- _Exercise_
From the data below, return all lines holding the string "domaines".
Records provided: Begin
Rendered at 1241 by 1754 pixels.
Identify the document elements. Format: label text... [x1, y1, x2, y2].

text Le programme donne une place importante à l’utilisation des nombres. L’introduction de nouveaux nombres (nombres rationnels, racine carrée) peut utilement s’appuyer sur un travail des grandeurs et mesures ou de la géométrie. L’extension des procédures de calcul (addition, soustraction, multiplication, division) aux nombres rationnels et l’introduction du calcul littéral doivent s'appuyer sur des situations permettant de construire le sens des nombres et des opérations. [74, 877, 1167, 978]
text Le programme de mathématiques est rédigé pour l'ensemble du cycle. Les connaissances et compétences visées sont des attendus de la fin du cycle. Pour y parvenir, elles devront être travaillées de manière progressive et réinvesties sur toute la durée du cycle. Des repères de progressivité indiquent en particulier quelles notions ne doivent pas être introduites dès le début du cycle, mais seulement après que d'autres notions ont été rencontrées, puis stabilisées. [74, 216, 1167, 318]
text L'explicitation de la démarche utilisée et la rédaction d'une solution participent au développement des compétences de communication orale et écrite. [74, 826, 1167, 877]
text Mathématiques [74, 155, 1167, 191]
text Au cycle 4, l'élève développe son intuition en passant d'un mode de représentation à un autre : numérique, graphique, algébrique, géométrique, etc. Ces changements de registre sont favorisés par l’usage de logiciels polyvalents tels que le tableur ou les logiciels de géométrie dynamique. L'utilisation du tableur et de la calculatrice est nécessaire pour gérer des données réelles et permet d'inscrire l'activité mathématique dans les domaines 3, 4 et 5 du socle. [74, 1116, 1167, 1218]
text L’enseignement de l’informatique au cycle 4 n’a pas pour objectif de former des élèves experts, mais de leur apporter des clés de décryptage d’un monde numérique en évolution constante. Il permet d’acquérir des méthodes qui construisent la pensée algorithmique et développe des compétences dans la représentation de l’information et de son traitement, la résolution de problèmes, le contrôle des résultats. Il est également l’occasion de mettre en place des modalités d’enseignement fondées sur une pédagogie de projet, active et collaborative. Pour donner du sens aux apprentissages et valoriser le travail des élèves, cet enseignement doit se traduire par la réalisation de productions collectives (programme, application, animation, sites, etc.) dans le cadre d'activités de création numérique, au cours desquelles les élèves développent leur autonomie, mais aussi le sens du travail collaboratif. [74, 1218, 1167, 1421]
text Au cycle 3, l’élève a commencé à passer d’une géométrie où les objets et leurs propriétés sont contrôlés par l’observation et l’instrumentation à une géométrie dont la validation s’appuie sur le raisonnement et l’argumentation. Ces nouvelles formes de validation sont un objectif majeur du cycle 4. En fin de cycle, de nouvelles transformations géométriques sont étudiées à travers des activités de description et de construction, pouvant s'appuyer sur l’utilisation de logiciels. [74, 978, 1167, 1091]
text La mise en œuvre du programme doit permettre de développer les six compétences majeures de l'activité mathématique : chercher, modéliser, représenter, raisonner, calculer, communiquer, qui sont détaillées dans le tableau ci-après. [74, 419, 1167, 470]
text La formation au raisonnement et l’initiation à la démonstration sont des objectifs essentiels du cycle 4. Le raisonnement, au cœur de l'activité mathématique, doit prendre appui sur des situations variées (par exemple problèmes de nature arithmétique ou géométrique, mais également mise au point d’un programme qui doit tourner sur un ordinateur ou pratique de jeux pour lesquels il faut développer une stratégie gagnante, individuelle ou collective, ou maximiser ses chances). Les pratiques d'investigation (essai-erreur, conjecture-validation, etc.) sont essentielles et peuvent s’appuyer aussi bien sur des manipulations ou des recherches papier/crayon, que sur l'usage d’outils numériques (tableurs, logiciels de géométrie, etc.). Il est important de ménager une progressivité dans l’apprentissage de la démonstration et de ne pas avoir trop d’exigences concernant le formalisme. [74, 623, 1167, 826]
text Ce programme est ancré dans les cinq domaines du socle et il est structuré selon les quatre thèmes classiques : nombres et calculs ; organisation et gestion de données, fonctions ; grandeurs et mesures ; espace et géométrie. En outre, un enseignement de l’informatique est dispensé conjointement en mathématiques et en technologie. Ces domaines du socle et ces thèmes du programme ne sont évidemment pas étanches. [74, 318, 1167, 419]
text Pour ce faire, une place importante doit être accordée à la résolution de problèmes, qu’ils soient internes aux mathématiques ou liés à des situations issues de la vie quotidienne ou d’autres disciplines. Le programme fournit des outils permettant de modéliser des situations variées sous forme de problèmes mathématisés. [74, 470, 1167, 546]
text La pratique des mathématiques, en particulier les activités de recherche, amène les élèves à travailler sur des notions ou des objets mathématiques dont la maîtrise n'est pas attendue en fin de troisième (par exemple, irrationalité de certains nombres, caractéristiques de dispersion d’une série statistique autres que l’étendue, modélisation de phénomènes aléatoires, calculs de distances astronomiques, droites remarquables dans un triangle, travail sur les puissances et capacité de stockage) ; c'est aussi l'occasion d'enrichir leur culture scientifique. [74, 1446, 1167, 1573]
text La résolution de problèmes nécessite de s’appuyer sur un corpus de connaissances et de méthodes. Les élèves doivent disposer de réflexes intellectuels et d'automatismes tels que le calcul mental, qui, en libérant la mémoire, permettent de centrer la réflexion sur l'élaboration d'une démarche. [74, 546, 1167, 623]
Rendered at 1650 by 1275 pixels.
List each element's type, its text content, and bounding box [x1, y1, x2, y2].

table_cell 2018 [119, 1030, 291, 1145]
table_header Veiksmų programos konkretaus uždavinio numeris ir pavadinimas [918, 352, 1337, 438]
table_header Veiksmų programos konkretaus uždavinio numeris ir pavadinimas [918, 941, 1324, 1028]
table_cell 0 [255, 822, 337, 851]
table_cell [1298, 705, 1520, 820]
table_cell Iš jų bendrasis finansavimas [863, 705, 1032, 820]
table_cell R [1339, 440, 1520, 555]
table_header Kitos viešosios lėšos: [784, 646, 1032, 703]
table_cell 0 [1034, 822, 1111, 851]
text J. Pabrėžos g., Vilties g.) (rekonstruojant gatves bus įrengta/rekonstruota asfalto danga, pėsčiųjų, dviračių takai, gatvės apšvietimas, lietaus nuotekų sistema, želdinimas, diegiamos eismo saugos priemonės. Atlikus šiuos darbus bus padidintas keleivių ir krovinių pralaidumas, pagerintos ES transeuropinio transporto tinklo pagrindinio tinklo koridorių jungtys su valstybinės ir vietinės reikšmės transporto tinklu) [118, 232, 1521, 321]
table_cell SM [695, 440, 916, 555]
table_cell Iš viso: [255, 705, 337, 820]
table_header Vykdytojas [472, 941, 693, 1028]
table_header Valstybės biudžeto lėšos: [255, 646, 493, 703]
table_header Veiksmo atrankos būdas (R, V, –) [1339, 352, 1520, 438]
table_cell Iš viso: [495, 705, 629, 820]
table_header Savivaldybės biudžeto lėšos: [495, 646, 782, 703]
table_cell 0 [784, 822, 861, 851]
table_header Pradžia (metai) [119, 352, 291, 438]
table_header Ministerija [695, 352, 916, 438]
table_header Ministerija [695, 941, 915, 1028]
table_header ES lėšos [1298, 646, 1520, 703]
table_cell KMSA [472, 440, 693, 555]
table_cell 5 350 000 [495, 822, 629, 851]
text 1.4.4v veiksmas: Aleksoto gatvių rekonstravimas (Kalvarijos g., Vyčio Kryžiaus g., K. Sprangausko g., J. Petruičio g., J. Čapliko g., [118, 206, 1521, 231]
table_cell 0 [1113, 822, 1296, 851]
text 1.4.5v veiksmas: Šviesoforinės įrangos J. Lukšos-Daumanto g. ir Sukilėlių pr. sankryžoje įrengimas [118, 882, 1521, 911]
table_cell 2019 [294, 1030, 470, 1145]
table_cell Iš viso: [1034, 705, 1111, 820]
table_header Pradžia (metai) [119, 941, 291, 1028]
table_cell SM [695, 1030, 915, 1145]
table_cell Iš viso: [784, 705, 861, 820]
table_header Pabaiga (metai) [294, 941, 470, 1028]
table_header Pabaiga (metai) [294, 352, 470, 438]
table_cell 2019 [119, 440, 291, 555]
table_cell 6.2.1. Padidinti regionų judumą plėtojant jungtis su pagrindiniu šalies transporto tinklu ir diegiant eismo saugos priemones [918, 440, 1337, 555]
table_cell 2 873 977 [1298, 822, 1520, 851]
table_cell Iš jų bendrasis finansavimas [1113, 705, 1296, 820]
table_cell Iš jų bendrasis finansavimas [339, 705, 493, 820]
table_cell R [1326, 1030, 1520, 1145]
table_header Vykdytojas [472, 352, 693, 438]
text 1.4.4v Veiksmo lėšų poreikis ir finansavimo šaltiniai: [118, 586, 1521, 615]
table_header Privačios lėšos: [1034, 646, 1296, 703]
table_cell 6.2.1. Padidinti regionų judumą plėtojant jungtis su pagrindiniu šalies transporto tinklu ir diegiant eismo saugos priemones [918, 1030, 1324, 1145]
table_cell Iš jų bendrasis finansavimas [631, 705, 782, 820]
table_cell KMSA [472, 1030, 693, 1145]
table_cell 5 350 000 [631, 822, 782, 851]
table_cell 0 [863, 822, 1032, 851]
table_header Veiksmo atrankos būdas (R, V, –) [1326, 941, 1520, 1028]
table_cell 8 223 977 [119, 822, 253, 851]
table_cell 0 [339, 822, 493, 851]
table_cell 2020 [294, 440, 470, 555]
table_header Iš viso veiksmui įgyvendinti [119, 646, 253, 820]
Records provided: End
- _Written response_
text Au cycle 4, l'élève développe son intuition en passant d'un mode de représentation à un autre : numérique, graphique, algébrique, géométrique, etc. Ces changements de registre sont favorisés par l’usage de logiciels polyvalents tels que le tableur ou les logiciels de géométrie dynamique. L'utilisation du tableur et de la calculatrice est nécessaire pour gérer des données réelles et permet d'inscrire l'activité mathématique dans les domaines 3, 4 et 5 du socle. [74, 1116, 1167, 1218]
text Ce programme est ancré dans les cinq domaines du socle et il est structuré selon les quatre thèmes classiques : nombres et calculs ; organisation et gestion de données, fonctions ; grandeurs et mesures ; espace et géométrie. En outre, un enseignement de l’informatique est dispensé conjointement en mathématiques et en technologie. Ces domaines du socle et ces thèmes du programme ne sont évidemment pas étanches. [74, 318, 1167, 419]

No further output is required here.